Der Oberste Gerichtshof hat am 17. Mai 2018 durch den Senatspräsidenten des Obersten Gerichtshofs Hon.-Prof. Dr. Schroll als Vorsitzenden sowie durch die Hofräte und die Hofrätinnen des Obersten Gerichtshofs Dr. T. Solé, Dr. Oshidari, Dr. Michel-Kwapinski und Dr. Brenner in Gegenwart der Richteramtsanwärterin Gschiel, LL.M., als Schriftführerin in der Strafsache gegen Gheorghe F***** wegen Verbrechen des Raubes nach § 142 Abs 1 StGB und einer weiteren strafbaren Handlung, AZ 33 Hv 44/17t des Landesgerichts Linz, über die von der Generalprokuratur gegen das Urteil dieses Gerichts als Schöffengericht vom 25. Juli 2017, GZ 33 Hv 44/17t-243, erhobene Nichtigkeitsbeschwerde zur Wahrung des Gesetzes nach öffentlicher Verhandlung in Anwesenheit des Vertreters der Generalprokuratur, Generalanwalt Mag. Stani sowie des Verurteilten und seines Verteidigers Mag. Prückler zu Recht erkannt:

Spruch

Die Nichtigkeitsbeschwerde wird verworfen.

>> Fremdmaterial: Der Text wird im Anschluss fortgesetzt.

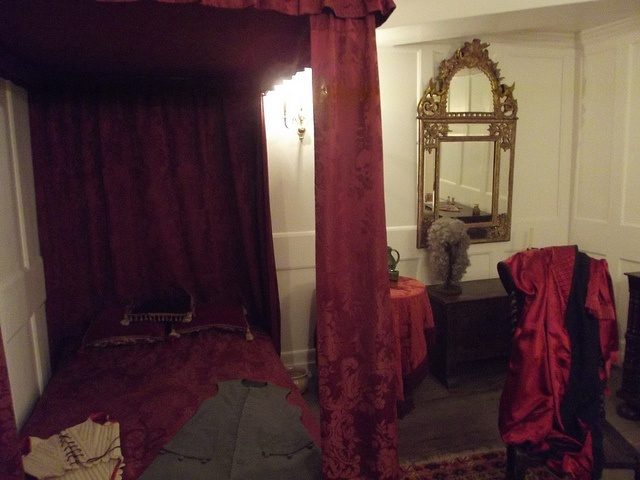Describe the objects in this image and their specific colors. I can see bed in black, maroon, gray, and white tones and chair in black and maroon tones in this image. 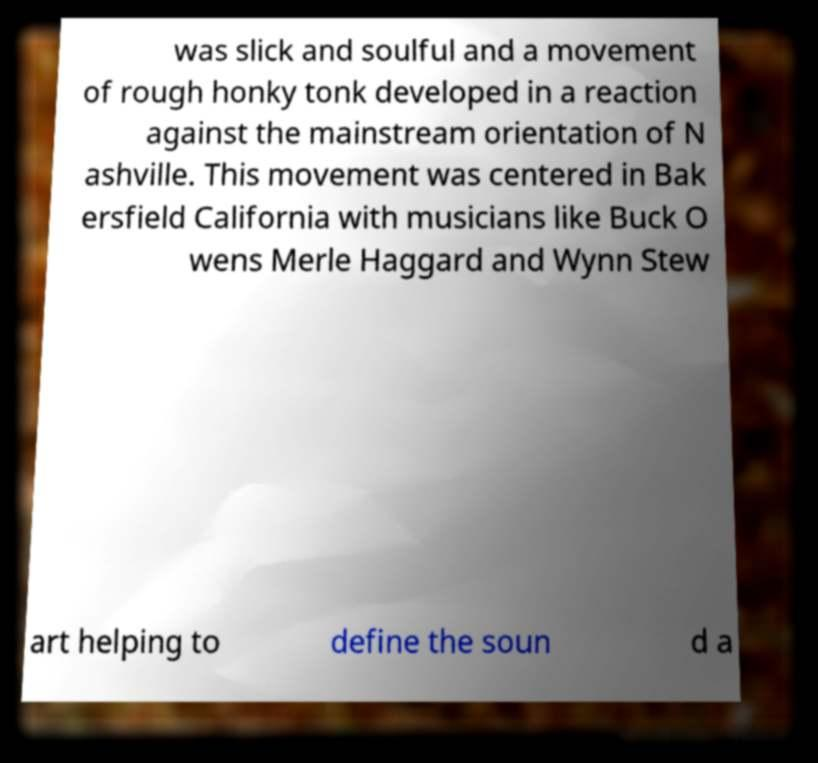There's text embedded in this image that I need extracted. Can you transcribe it verbatim? was slick and soulful and a movement of rough honky tonk developed in a reaction against the mainstream orientation of N ashville. This movement was centered in Bak ersfield California with musicians like Buck O wens Merle Haggard and Wynn Stew art helping to define the soun d a

Aus ihrem Anlass wird das Urteil des Landesgerichts Linz als Schöffengericht vom 25. Juli 2017, GZ 33 Hv 44/17t-243, das im Übrigen unberührt bleibt, im Schuldspruch II./ ersatzlos und demzufolge auch im Strafausspruch (einschließlich der Vorhaftanrechnung) aufgehoben.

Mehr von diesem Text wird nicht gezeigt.